A Primeira Turma do Supremo Tribunal Federal (STF) retoma nesta terça-feira (21) o julgamento dos sete réus do Núcleo 4 da trama golpista, grupo acusado de articular ações de desinformação e ataques virtuais contra instituições e autoridades durante o governo do ex-presidente Jair Bolsonaro.
O julgamento havia sido iniciado na semana passada, quando a Procuradoria-Geral da República (PGR) defendeu a condenação de todos os réus. Segundo a acusação, o grupo atuou de forma coordenada para propagar notícias falsas e desacreditar o processo eleitoral, especialmente durante o período pré e pós-eleitoral de 2022. As defesas, por outro lado, pediram absolvição, alegando que não houve participação dos acusados em ações organizadas de desinformação ou incentivo a atos antidemocráticos.
Compõem o Núcleo 4: Ailton Gonçalves Moraes Barros (major da reserva do Exército), Ângelo Martins Denicoli (major da reserva), Giancarlo Gomes Rodrigues (subtenente), Guilherme Marques de Almeida (tenente-coronel), Reginaldo Vieira de Abreu (coronel), Marcelo Araújo Bormevet (policial federal) e Carlos Cesar Moretzsohn Rocha, presidente do Instituto Voto Legal.

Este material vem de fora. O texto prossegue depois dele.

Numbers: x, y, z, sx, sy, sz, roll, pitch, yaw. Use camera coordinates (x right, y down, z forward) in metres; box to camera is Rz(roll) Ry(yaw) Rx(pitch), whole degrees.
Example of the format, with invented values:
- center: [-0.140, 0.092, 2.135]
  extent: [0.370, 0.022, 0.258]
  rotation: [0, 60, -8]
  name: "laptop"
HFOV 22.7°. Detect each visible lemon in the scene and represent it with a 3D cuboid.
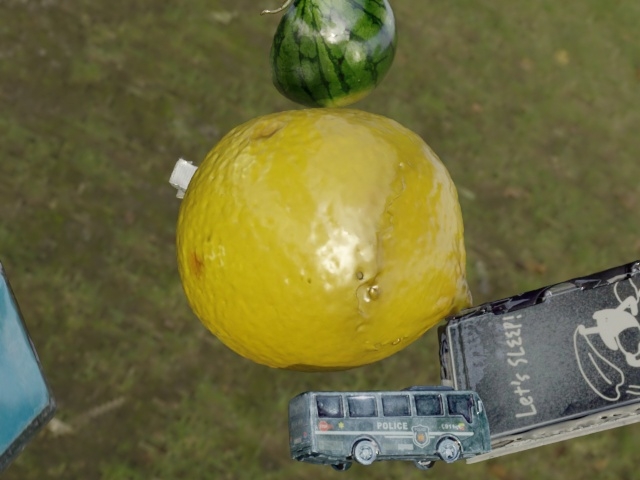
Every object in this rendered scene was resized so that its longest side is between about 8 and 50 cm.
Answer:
- center: [-0.008, 0.001, 1.345]
  extent: [0.253, 0.228, 0.228]
  rotation: [-8, 8, 25]
  name: "lemon"

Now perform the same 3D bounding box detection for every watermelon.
- center: [0.031, -0.272, 2.226]
  extent: [0.204, 0.232, 0.127]
  rotation: [-38, 59, -20]
  name: "watermelon"

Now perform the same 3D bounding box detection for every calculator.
- center: [0.242, 0.114, 1.547]
  extent: [0.028, 0.274, 0.165]
  rotation: [41, 38, -52]
  name: "calculator"

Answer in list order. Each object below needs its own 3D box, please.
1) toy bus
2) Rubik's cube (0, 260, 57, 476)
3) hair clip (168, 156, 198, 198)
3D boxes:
- center: [0.056, 0.149, 1.269]
  extent: [0.166, 0.047, 0.065]
  rotation: [2, 74, -27]
  name: "toy bus"
- center: [-0.439, 0.090, 1.235]
  extent: [0.316, 0.313, 0.318]
  rotation: [-55, 129, -65]
  name: "Rubik's cube"
- center: [-0.107, -0.053, 2.264]
  extent: [0.220, 0.140, 0.054]
  rotation: [19, -22, 7]
  name: "hair clip"
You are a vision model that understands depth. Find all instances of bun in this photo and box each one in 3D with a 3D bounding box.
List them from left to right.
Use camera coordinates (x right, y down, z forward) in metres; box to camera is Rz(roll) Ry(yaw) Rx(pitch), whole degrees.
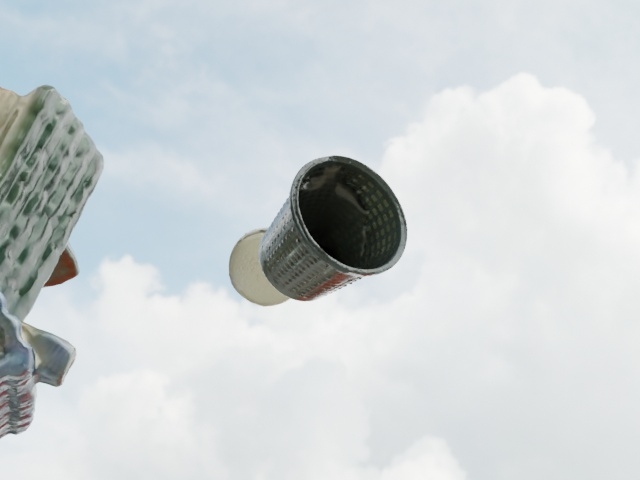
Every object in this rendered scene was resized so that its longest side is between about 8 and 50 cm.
[{"bbox_3d":[-0.090,0.045,1.692,0.138,0.094,0.138,0,-88,7],"label":"bun"}]

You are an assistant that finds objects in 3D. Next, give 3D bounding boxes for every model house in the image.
[{"bbox_3d":[-0.452,0.047,1.111,0.400,0.445,0.395,19,-28,-5],"label":"model house"}]

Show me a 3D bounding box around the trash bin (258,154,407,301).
[{"bbox_3d":[0.000,0.000,1.288,0.175,0.175,0.161,36,-42,-12],"label":"trash bin"}]

Os sete são acusados dos crimes de organização criminosa armada, tentativa de abolição violenta do Estado Democrático de Direito, golpe de Estado, dano qualificado pela violência e grave ameaça e deterioração de patrimônio tombado.
Julgamento
A sessão desta terça será aberta com o voto do relator, ministro Alexandre de Moraes, responsável pelos inquéritos que apuram a tentativa de golpe de 8 de janeiro de 2023. Caberá a ele decidir pela condenação ou absolvição dos acusados — e, em caso de condenação, definir as penas individuais.
Após o voto do relator, se manifestam Cristiano Zanin, seguido por Luiz Fux, Cármen Lúcia e Flávio Dino, atual presidente da Primeira Turma.

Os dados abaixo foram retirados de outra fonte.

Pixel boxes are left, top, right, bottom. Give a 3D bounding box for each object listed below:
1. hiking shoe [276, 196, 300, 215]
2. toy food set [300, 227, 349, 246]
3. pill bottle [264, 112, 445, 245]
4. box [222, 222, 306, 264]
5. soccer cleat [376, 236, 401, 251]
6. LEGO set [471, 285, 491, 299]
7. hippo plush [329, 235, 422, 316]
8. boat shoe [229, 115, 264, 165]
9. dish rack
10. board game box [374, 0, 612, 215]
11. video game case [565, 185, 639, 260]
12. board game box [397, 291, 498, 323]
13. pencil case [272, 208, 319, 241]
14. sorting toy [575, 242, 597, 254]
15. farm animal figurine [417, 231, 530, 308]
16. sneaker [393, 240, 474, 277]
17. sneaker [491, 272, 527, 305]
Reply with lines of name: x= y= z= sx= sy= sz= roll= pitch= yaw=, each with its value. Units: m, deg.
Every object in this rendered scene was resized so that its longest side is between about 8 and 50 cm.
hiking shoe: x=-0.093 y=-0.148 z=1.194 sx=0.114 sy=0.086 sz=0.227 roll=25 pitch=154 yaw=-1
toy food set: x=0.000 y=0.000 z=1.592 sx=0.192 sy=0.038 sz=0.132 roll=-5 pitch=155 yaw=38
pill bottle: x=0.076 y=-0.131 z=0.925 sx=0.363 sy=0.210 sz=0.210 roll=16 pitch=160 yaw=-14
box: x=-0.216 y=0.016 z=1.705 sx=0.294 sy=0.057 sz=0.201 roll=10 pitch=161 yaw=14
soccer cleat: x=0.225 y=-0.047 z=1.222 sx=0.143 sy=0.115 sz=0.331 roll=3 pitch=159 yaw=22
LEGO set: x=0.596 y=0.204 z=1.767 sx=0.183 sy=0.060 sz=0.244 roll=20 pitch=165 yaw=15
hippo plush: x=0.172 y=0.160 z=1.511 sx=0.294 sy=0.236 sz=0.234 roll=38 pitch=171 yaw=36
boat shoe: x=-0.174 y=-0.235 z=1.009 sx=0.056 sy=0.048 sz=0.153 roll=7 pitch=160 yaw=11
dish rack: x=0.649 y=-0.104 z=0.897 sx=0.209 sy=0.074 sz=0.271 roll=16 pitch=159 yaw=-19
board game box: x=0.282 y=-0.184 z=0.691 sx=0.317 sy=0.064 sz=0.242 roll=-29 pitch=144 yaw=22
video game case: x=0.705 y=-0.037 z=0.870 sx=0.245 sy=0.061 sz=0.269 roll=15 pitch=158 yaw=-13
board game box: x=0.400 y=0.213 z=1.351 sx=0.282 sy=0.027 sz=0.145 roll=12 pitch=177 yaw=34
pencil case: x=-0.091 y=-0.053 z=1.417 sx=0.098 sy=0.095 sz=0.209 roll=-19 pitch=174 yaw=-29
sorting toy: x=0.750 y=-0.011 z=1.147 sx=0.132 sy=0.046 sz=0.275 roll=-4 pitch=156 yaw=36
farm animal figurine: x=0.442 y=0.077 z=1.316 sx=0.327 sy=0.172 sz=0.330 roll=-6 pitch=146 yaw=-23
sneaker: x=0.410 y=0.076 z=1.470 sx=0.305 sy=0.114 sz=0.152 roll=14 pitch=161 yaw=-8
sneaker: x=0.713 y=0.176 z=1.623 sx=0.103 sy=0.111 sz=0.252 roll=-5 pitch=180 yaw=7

Mesmo que condenados, os réus não serão presos imediatamente. As defesas poderão apresentar recursos dentro do próprio Supremo, o que adia a execução das penas.
Andamento dos processos
Até agora, apenas o Núcleo 1, formado por Jair Bolsonaro e outros sete aliados próximos, teve o julgamento concluído — com todas as condenações confirmadas. O STF entendeu que o grupo foi o principal articulador da tentativa de ruptura institucional e responsável por incitar ações contra o resultado das eleições de 2022.

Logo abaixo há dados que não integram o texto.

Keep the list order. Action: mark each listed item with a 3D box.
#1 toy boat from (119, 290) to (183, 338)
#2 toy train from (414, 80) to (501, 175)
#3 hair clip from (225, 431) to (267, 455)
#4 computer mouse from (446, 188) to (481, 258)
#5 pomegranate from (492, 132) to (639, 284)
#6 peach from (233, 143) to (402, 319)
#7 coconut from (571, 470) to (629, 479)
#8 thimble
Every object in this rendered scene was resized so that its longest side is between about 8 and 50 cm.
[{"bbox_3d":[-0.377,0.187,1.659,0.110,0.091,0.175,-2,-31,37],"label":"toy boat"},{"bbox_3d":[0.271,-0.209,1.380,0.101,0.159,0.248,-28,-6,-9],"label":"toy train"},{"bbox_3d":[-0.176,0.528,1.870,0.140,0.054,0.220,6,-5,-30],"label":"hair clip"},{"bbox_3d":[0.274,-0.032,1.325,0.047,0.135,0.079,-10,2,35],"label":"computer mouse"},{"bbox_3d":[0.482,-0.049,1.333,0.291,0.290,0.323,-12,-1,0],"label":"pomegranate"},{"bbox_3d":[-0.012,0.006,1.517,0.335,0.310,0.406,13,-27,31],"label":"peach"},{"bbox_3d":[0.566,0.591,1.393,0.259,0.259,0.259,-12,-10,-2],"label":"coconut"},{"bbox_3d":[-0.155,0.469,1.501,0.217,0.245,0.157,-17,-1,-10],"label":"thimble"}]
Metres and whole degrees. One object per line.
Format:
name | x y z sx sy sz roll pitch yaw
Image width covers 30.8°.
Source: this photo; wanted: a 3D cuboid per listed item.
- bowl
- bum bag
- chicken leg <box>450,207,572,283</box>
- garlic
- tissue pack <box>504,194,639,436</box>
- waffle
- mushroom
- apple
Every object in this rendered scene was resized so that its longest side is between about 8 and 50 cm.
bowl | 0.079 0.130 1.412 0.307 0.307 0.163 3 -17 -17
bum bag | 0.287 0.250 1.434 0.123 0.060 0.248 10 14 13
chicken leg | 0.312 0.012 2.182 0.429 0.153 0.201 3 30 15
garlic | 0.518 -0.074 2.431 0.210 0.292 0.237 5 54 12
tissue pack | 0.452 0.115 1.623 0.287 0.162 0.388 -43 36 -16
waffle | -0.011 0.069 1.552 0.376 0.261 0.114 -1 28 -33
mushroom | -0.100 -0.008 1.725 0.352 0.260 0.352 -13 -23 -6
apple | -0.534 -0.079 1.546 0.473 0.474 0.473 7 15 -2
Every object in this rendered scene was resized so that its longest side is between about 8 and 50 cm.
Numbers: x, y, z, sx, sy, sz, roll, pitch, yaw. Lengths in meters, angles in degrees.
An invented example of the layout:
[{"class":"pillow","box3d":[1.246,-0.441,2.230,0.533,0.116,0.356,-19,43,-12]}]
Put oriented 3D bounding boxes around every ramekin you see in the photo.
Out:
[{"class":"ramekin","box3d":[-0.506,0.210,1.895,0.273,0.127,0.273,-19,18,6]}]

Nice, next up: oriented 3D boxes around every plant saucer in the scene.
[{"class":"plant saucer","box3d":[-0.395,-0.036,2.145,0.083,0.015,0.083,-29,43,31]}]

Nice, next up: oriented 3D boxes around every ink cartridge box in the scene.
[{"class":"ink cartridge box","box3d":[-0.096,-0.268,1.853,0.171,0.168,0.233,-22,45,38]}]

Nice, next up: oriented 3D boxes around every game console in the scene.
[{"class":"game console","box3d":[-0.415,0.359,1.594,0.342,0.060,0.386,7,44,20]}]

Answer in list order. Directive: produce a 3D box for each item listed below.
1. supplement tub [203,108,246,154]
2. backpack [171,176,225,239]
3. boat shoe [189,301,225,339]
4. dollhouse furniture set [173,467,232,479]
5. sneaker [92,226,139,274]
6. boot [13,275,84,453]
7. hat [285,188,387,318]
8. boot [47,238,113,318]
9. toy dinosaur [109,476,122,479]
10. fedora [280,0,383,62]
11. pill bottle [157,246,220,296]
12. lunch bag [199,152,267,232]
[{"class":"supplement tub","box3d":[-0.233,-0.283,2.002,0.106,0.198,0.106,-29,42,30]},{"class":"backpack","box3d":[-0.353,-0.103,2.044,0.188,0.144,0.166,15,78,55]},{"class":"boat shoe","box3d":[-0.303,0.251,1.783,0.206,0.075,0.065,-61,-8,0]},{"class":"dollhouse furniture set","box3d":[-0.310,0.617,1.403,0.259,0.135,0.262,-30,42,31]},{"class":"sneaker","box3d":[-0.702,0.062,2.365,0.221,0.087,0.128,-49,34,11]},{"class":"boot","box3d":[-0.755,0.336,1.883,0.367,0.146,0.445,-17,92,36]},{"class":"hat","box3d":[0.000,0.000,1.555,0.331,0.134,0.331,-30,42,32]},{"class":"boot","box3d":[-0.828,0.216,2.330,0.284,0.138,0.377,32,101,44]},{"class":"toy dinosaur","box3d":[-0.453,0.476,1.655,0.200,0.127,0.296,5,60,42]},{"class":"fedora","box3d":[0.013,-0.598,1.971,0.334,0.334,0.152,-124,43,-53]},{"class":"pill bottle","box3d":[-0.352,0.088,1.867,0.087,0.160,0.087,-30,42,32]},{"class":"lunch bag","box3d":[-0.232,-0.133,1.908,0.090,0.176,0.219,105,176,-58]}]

Ainda neste ano, o tribunal deve julgar os Núcleos 2 e 3. O julgamento do Núcleo 3 está previsto para 11 de novembro, enquanto o Núcleo 2 deve ser analisado em dezembro.
Já o Núcleo 5, que inclui o empresário Paulo Figueiredo, neto do ex-presidente João Figueiredo, segue sem data marcada. Ele reside nos Estados Unidos e não apresentou defesa no processo.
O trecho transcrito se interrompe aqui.